I have a request from a client to index the .aud files generated by Oracle. I have been searching Splunk Answers but for all questions I read the answers point out to syslog audit. The client specified the .aud files so I cannot use Oracle Audit Trail app. I have also tried to manually extract the fields to no avail, main reason being the files have a header that messes up with the interpretation of the fields, plus not all field values come in the same format, for instance, LENGTH values come in double quotes and single quotes, which confuses Splunk. I found a partial solution in this question:

http://answers.splunk.com/answers/59094/how-to-customize-the-oracle-audit-trail-app-to-apply-custom-...

Problem is, apart from the header of the file, it seems there are two audit event formats:

  • Format 1 - line breaks after event's values

    Mon Jun 30 17:55:59 2014 -03:00
    LENGTH : '152'
    ACTION :[7] 'CONNECT'
    DATABASE USER:[1] '/'
    PRIVILEGE :[6] 'SYSDBA'
    CLIENT USER:[6] 'oracle'
    CLIENT TERMINAL:[0] ''
    STATUS:[1] '0'
    DBID:[8] '33405459'

  • Format 2 - single line for all events

    Sun Jun 29 09:51:00 2014 -03:00
    LENGTH: "369"
    SESSIONID:[5] "61298" ENTRYID:[1] "1" STATEMENT:[1] "1" USERID:[23] "EDITED TO PRESERVE PRIVACY" USERHOST:[19] "EDITED TO PRESERVE PRIVACY" TERMINAL:[7] "SERVINT" ACTION:[3] "100" RETURNCODE:[1] "0" COMMENT$TEXT:[97] "Authenticated by: DATABASE; Client address: (ADDRESS=(PROTOCOL=tcp)(HOST=X.X.X.X)(PORT=64423))" OS$USERID:[7] "iadabas" DBID:[8] "33405459" PRIV$USED:[1] "5"
    As I am not an regex expert, the format #2 is giving me a headache. How can I get rid of the header on each file? And how can I extract the the key/value pairs from format #2? And finally how should I deal with LENGTH values that are enclosed in single or double quotes without creating one regex for each?

1 Solution

chanfoli
Builder

I see a few problems with the input and will offer suggestions for each of them.
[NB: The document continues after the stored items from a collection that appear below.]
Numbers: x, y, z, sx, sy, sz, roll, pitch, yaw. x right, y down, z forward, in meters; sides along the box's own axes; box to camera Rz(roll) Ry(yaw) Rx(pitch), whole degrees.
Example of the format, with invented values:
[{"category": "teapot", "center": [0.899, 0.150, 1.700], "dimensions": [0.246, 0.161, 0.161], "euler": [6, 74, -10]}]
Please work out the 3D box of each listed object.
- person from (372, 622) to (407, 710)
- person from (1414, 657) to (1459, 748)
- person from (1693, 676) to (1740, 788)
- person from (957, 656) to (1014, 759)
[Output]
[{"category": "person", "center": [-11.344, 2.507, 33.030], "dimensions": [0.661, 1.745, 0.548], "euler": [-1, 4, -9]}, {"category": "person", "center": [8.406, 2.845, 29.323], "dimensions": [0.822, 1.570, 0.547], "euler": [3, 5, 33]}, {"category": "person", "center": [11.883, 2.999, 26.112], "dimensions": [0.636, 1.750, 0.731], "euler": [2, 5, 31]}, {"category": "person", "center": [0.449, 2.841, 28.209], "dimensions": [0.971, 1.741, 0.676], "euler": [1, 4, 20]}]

  1. For the headers that you want to get rid of -- I would suggest applying a null-queue transform as described here: http://answers.splunk.com/answers/29396/help-sending-header-and-footer-of-csv-to-nullqueue.html - you will need to come up with a good regex to match the header but that should be pretty easy.
  2. Input has 2 event formats - I would consider using another transform to split the events into 2 sourcetypes where you apply distinct field extractions. The documentation here ( http://docs.splunk.com/Documentation/Splunk/6.1.4/Data/Advancedsourcetypeoverrides ) should get you started on that. It looks to me like the single line events in format 2 would be an easier override regex to write so I would probably start there and let the rest of the lines pass through as the configured sourcetype.
  3. Format 2 is missing timestamps. This may not be an issue to you but it is unfortunate. With these mixed in with events bounded by timestamps it is likely guessing at timestamps for format2 events. What will end up happening with the suggestions above is that without any time reference for format2 events, indexing time will be applied. Again this is unfortunate, but splunk has no way to extract the true time of such events regardless of what you do, unless the application can be configured to include a timestamp.

Hope this helps,
chanfoli

View solution in original post

altink
Builder

The two formats are two different Oracle audits:

Format 1
Administrative SYSDBA audit - always in OS when *Nix, always in Event Viewer when *Win.
When initialization parameter audit_sys_operations=TRUE you will get all SYSDBAs Top-SQL commands, other then normal administrative audits, like instance startup-shutdown and others

Format 2
Standard audit. These can go in OS (and is this case) when initialization parameter audit_trail=OS

0 Karma

chanfoli
Builder

Given the new information about both formats being multi-line events, I might take a different approach of not splitting the events and just writing appropriate regexes to extract the fields. Some of them seem like they could be single regexes since the fieldnames precede the field values with the len in brackets and only quote characters being different, this could be accomplished in the regex extraction with the alternation operator (|).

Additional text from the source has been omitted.